▶ [YOUR INSTRUCTIONS]
In the data below, how many lines include the string "view"? Give only the number.

▶ [EXTRACTED RECORDS]
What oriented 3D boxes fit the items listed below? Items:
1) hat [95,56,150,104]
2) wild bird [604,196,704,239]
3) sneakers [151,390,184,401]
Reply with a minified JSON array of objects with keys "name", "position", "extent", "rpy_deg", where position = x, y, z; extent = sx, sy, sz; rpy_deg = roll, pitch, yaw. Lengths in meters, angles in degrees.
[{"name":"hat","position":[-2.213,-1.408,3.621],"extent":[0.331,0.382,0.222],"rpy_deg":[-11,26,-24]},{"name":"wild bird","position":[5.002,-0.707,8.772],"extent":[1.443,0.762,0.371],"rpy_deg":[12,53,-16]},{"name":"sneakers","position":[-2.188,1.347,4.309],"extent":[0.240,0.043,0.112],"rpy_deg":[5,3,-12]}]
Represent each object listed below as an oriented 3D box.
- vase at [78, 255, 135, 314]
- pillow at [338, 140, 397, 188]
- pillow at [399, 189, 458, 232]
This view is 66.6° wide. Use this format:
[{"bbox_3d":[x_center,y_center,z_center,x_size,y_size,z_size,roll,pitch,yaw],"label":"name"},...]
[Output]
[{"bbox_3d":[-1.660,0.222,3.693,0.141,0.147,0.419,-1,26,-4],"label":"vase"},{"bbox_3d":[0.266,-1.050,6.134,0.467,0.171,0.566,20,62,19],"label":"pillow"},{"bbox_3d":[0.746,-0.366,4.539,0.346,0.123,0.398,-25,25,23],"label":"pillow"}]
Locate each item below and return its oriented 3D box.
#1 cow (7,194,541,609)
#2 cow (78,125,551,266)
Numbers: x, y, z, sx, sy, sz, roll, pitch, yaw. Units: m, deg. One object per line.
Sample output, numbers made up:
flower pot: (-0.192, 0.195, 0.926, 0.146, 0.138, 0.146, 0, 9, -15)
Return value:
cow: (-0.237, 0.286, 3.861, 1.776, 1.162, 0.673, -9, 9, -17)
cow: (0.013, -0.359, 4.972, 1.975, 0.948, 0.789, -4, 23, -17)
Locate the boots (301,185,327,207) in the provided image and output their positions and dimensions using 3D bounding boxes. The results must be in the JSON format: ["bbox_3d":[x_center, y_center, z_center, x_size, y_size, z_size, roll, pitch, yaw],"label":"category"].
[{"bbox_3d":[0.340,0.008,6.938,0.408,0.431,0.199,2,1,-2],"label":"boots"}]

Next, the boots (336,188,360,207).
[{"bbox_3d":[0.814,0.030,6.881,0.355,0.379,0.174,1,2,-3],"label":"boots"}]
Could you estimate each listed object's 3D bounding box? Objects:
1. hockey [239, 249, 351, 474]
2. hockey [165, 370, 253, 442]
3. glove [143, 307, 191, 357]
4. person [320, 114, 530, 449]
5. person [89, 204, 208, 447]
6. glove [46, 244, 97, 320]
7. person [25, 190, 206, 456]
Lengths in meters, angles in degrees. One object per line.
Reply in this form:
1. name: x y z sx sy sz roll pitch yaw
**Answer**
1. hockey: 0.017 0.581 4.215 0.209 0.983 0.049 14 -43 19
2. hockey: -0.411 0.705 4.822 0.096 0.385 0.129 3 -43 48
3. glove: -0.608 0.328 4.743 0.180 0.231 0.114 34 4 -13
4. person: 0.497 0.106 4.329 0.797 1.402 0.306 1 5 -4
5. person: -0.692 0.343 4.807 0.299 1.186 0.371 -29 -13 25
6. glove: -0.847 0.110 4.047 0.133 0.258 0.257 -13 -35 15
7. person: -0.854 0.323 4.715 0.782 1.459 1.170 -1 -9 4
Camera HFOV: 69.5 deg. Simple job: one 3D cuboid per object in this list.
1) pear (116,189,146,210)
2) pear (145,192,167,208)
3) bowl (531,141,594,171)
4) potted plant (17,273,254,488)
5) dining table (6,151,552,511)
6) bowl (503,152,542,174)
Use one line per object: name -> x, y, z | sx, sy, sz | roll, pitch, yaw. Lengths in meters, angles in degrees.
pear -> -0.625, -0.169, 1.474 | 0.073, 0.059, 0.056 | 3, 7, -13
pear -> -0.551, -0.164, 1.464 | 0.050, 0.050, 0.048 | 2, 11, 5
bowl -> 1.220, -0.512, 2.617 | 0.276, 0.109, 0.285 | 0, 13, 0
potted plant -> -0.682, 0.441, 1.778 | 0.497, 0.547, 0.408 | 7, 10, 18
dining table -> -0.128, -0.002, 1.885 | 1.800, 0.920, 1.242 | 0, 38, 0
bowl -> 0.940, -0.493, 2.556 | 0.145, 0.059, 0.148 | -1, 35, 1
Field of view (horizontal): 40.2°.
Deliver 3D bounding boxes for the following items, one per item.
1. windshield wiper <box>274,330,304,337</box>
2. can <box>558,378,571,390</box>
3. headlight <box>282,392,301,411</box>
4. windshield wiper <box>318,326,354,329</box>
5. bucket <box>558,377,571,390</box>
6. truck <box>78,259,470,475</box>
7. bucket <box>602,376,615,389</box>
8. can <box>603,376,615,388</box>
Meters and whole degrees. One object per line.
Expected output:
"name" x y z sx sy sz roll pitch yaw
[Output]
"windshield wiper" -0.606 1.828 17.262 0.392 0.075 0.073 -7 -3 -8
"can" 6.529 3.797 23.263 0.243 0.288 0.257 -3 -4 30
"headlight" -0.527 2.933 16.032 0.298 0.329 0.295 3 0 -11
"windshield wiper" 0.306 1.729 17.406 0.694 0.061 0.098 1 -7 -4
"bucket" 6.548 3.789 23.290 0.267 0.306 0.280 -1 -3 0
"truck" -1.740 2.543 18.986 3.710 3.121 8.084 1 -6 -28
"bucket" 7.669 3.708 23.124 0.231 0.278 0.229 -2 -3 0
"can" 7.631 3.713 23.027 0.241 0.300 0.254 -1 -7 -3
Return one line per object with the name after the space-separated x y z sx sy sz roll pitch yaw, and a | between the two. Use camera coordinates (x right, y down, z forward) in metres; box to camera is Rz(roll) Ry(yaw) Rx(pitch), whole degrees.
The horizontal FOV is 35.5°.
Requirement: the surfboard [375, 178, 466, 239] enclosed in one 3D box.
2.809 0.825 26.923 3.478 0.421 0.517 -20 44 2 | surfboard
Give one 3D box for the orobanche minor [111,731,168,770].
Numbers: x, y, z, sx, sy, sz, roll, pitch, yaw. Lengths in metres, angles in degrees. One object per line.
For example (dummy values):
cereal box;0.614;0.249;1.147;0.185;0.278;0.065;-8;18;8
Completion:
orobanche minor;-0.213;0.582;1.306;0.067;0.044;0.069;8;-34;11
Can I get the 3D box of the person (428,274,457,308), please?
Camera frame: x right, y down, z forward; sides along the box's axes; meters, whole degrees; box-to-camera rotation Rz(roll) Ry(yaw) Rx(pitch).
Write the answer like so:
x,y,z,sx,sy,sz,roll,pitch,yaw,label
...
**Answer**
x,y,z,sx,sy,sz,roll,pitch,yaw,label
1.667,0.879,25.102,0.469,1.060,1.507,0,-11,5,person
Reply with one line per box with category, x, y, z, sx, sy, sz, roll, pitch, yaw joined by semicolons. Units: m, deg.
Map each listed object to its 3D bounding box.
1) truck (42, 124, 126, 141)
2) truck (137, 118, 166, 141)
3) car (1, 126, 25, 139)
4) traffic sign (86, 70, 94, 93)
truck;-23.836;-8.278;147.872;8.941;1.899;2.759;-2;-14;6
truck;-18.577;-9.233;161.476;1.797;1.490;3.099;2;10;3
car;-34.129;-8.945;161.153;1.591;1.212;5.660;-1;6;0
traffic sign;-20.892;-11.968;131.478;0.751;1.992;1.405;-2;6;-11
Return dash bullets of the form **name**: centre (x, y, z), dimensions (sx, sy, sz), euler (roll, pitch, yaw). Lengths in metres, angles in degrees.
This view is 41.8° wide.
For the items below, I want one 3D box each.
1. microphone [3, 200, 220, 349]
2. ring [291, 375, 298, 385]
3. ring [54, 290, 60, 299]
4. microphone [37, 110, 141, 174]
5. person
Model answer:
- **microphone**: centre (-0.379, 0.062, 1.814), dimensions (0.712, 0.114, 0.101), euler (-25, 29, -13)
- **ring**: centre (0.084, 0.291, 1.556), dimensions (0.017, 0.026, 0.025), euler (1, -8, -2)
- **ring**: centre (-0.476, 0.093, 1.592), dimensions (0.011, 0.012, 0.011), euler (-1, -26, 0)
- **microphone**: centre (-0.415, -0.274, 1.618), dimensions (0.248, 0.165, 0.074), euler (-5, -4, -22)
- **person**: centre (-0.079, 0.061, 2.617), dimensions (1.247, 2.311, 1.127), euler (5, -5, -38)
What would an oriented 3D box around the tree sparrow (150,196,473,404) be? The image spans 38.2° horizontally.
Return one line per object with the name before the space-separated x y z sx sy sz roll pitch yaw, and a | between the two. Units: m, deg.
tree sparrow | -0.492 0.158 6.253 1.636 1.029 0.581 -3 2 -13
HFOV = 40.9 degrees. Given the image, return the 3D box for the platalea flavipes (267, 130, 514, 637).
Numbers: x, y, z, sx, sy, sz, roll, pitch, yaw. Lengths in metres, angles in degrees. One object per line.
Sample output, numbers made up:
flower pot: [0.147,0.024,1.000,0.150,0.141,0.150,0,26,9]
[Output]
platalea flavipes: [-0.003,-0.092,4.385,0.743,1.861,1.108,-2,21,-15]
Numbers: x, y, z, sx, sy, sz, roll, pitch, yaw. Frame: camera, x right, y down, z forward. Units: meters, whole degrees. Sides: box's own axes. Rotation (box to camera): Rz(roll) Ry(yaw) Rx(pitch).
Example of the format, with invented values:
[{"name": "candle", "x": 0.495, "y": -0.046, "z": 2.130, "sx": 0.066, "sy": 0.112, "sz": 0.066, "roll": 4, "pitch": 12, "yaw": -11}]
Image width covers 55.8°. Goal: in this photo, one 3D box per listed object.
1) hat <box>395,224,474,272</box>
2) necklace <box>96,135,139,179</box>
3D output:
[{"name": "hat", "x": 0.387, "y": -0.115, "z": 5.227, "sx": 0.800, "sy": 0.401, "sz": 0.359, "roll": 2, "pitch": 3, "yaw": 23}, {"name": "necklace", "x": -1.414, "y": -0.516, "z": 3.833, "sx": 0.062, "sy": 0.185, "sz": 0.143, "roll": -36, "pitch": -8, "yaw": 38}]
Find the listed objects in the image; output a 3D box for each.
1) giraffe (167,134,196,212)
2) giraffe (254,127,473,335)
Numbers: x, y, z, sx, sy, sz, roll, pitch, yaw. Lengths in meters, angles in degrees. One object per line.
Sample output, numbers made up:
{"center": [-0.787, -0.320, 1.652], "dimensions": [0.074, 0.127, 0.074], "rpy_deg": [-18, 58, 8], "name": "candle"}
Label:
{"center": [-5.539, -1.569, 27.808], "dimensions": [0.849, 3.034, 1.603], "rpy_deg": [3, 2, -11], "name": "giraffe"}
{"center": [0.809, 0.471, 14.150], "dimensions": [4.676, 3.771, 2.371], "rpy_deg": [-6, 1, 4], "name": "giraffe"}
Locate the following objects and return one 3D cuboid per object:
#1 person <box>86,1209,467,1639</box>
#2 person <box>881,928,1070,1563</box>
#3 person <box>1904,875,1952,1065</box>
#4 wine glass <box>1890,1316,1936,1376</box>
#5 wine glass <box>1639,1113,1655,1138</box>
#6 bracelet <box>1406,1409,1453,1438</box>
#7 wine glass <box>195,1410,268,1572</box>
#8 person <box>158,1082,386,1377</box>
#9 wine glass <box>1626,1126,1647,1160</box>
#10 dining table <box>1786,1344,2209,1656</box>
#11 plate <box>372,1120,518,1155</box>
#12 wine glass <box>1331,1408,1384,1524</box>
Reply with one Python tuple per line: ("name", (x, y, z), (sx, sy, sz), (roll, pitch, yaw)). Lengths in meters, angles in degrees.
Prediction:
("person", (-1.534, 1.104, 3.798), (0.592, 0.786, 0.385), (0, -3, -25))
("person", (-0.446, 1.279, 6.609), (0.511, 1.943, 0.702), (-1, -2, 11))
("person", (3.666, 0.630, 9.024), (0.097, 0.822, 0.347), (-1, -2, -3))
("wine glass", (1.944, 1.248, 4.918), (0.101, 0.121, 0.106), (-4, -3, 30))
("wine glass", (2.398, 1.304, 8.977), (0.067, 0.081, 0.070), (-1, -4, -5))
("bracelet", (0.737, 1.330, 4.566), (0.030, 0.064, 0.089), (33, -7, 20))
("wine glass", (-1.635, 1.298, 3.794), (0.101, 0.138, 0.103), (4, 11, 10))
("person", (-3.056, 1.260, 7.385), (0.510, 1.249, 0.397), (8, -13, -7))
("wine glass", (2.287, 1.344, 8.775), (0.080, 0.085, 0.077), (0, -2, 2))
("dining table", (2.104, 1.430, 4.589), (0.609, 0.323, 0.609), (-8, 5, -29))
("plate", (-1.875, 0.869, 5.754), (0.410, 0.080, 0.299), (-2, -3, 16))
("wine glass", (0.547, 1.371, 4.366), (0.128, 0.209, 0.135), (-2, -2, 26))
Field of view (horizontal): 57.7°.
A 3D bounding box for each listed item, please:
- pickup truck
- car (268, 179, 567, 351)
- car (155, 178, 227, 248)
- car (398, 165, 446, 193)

▶ [WRITTEN ANSWER]
4